I was subsequently told that the group was being formed so that parents could commiserate with each other rather than investigate the cause of their children's behaviour.
Should any parents who attended that meeting have seen a recent Sunday newspaper report concerning the banning of Ritalin for under-fives and wish to see the video, they can phone me on (01422) 844670.
Dennis Edmondson, Duck Hill, Pecket Well, Hebden Bridge.
SIR - There was only one piece of information missing from the article on Bradford Council giving up the lease on the Kirkgate Centre car park to Prudential (T&A, September 8). And that was how much more will the Council Tax-paying citizens of Bradford have to pay to park? Is this another step to drive customers away from the city centre?
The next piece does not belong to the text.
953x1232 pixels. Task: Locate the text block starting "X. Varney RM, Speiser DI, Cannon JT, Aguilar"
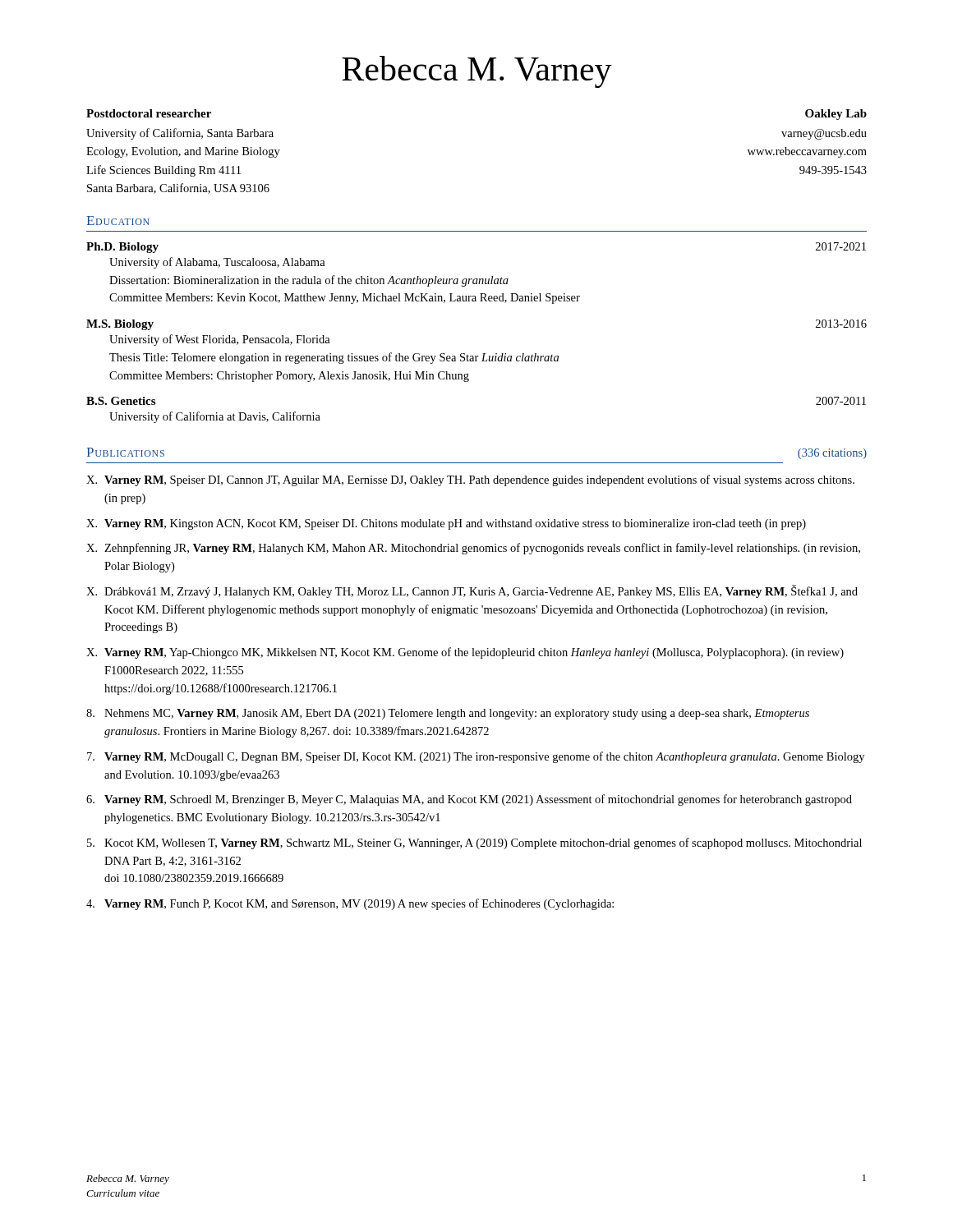(x=476, y=489)

John Largue, Kirk Drive, Baildon.
SIR - I had vainly hoped that the change in control at City Hall might herald a shift from the pro-bus, anti-motorist regime which the former chairman of the relevant committee appeared to have brought into the roads of Bradford.
Clearly I was wrong. The latest operations in Frizinghall Road and Keighley Road make the machinations of Councillor Darr seem quite sensible.
Who in their right mind devised the scheme? Reducing the width of the road, eliminating lanes and adding chicanes which would grace a Formula One racetrack seem destined to exacerbate the traffic problems.
I had thought that our new masters in City Hall might just have been more realistic in weighing the balance between public and private means of transport.
The chaos which has already occurred during the associated roadworks will no doubt add yet another reason to the gathering total of reasons for getting out of Bradford.
Anthony Simpson, Park Drive, Heaton.
SIR - My sympathies go out to Mr K Shaw (Letters, September 7). I agree with all he says. This Government, city councillors, and builders seem hell bent on covering England with concrete. Our English countryside is being ripped apart, to put on the most hideous pieces of junk I have ever seen.
Trees are being chopped down, green fields bulldozed up, and the wild life disappears.
What a legacy we are leaving for future generations: concrete jungles in which they will never hear a bird sing, nor will they have the pleasure of seeing one.
Some legacy and "all with a stroke of a pen".
Mrs B J Rudd, Roger Court, Undercliffe.